Why? Well, the political spin will tell you that it will 'speed up decision making' and make the council 'more accountable'. The first may be true, albeit no guide to speed of implementation, let alone to the quality of the decisions.

The second is a truly Orwellian distortion: an 'Executive' councillor is, like any other, accountable only to electors of one ward, yet has powers to make decisions across the whole of the council's area. That implies less, not more, accountability than the present system, which ensures that decisions are made by committees to which all affected ward councillors have access.

The 'Executive Model' is designed for councils with decisive overall party political control; it is modelled along parliamentary lines inappropriate to small rural councils. In practice, the Executive is wholly drawn from the single majority party and the rest of the councillors become little more than lobby-fodder. All but a handful of high-level decisions (eg budget-setting) are delegated to a single Executive councillor.

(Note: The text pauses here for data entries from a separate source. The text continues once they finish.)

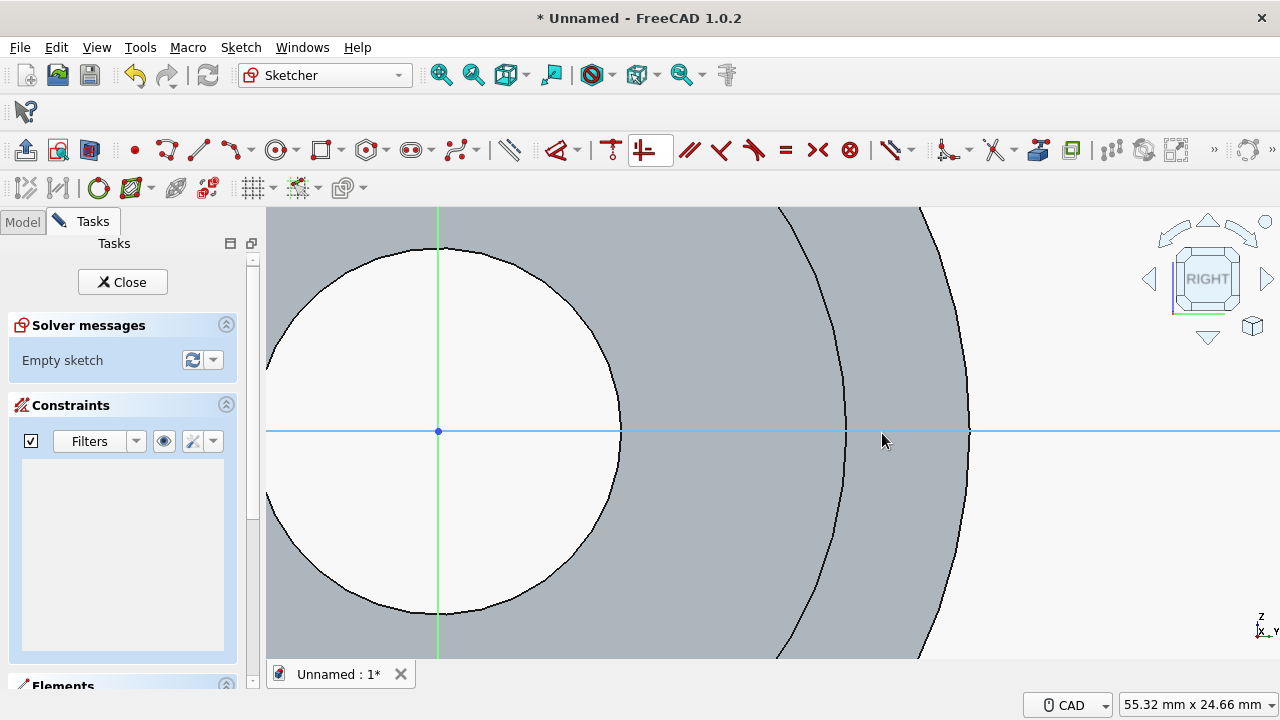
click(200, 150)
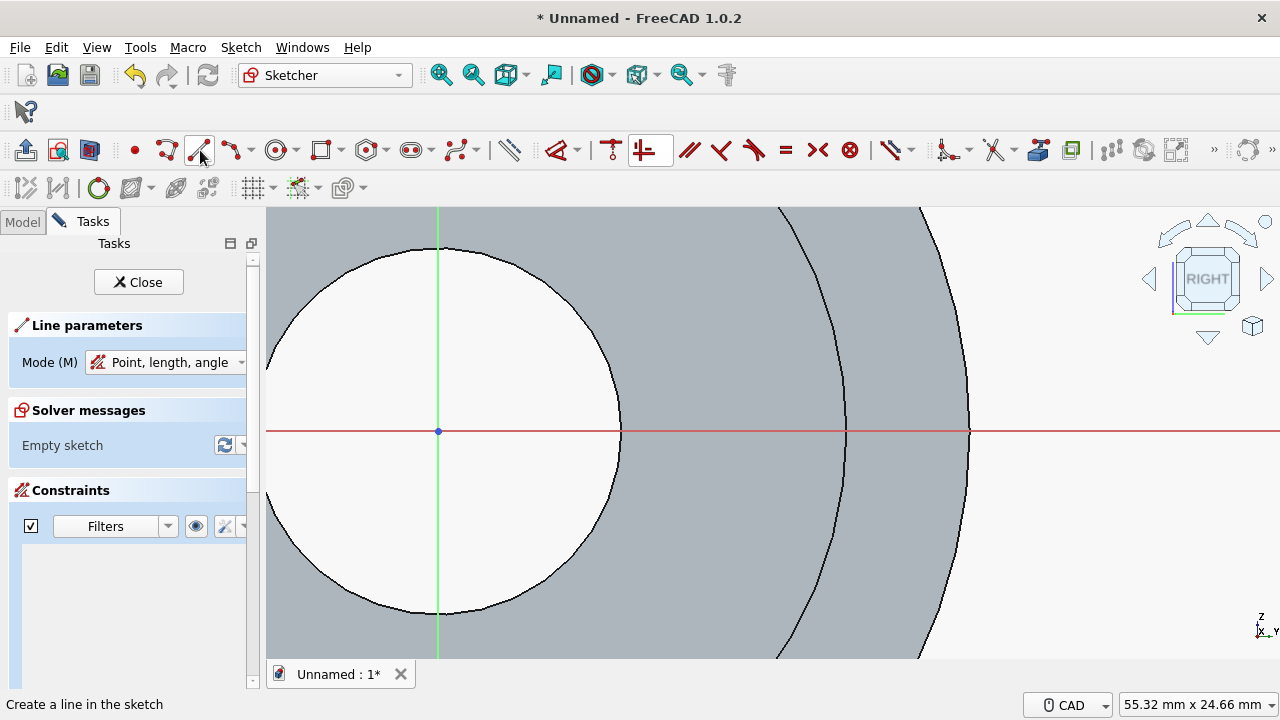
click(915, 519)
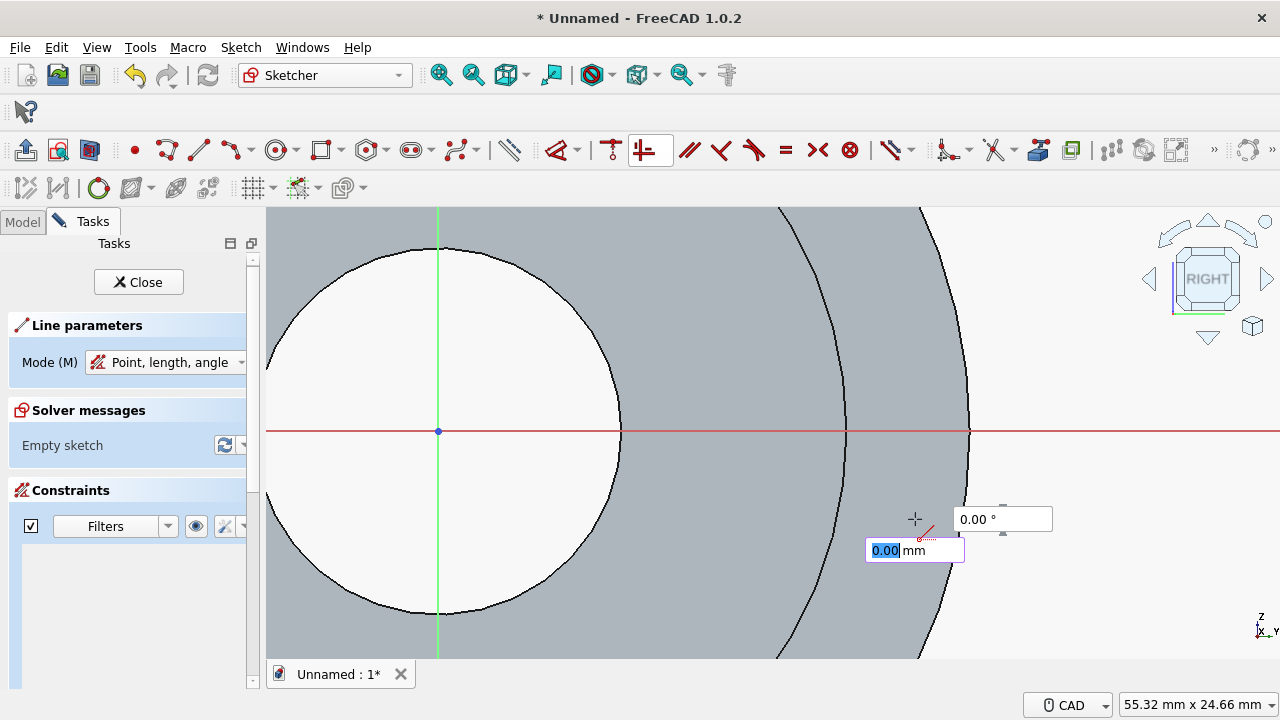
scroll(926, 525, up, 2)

Whilst it is theoretically possible to 'call in' decisions, the process is so difficult and the timescales so short that very few call-ins are made – and even fewer are successful in overturning or amending an executive decision.

Your readers will recall a recent controversy over an executive decision by Devon County Council to install parking meters. There was no prior notice of the intention and the kit was bought and paid for before any public announcement was made. That is the way Executive councils work. I do not think it is right and I do not want to see WDBC's councillors emasculated in this way.

WDBC has always benefited from a large body of Independent councillors, free from political party whips, who have ensured that all councillors had equal access to the whole of the decision-making process – not just a token role of nodding through decisions already made by a few 'senior' members, all appointed by a single political group. Decisions may take longer when made this way, but they are usually better decisions.

Finally — and this is perhaps the greatest danger of all — this is a one-way process. Once a council has volunteered to adopt the Executive Model, there is no way to opt out of it.

Regardless of the ghastly consequences, we shall be stuck with an Executive Borough Council, in which a member elected (say) in Northlew or Bere Ferrers, makes binding decisions for (say) Tavistock or Okehampton, which the electors of Tavistock/Okehampton have, de facto, no way of reversing.